- [Task to carry out]
When a line of the records contains "pitch", copy it.
====
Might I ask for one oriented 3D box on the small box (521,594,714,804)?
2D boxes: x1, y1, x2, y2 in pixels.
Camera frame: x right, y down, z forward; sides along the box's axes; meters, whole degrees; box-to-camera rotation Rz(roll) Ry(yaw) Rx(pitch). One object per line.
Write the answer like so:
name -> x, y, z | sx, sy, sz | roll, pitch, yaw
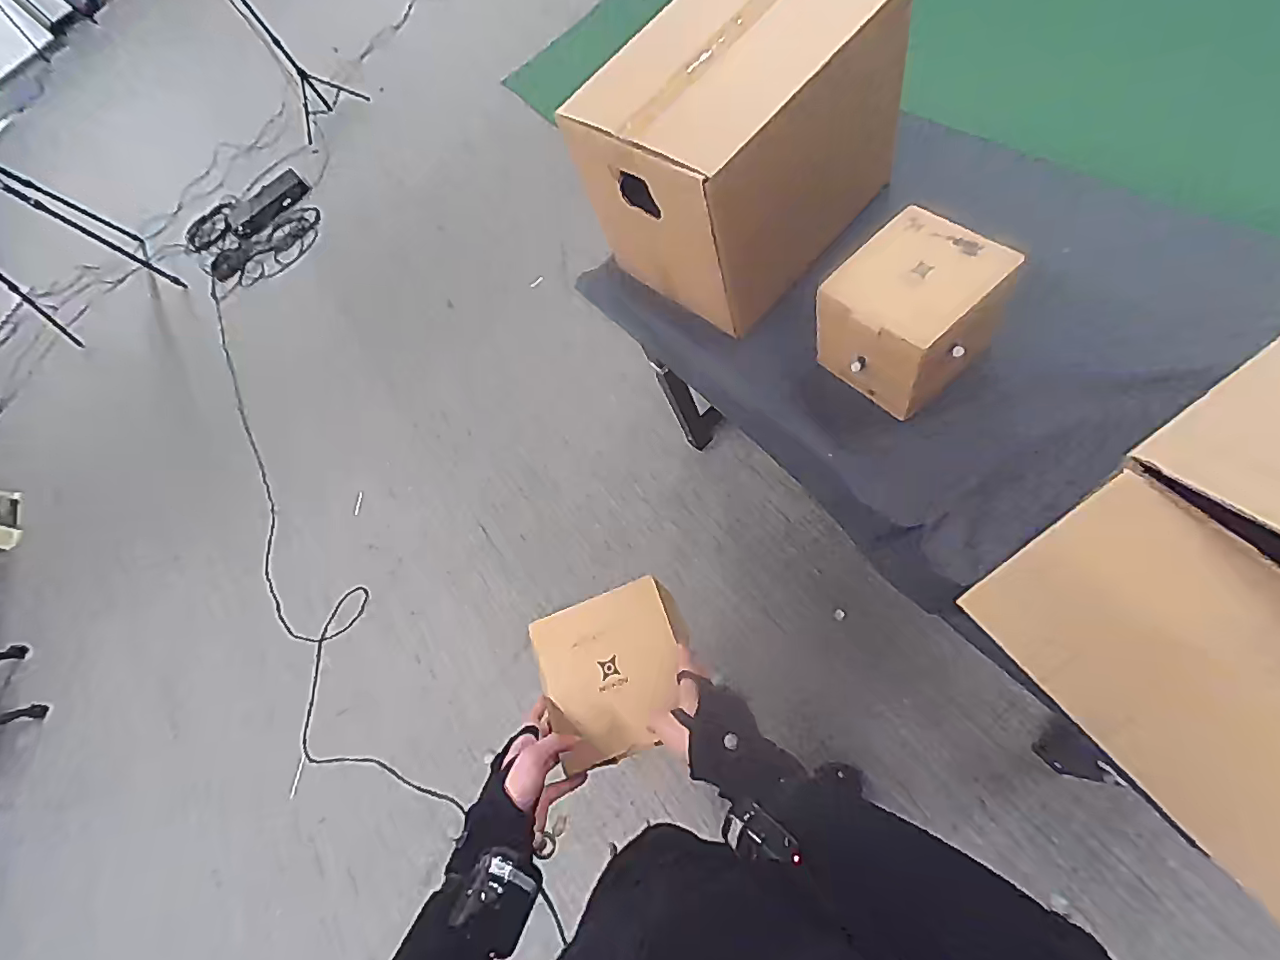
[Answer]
====
- [Your response]
Camera frame: x right, y down, z forward; sides along the box's axes; meters, whole degrees; box-to-camera rotation Rz(roll) Ry(yaw) Rx(pitch). One object per line.
name -> x, y, z | sx, sy, sz | roll, pitch, yaw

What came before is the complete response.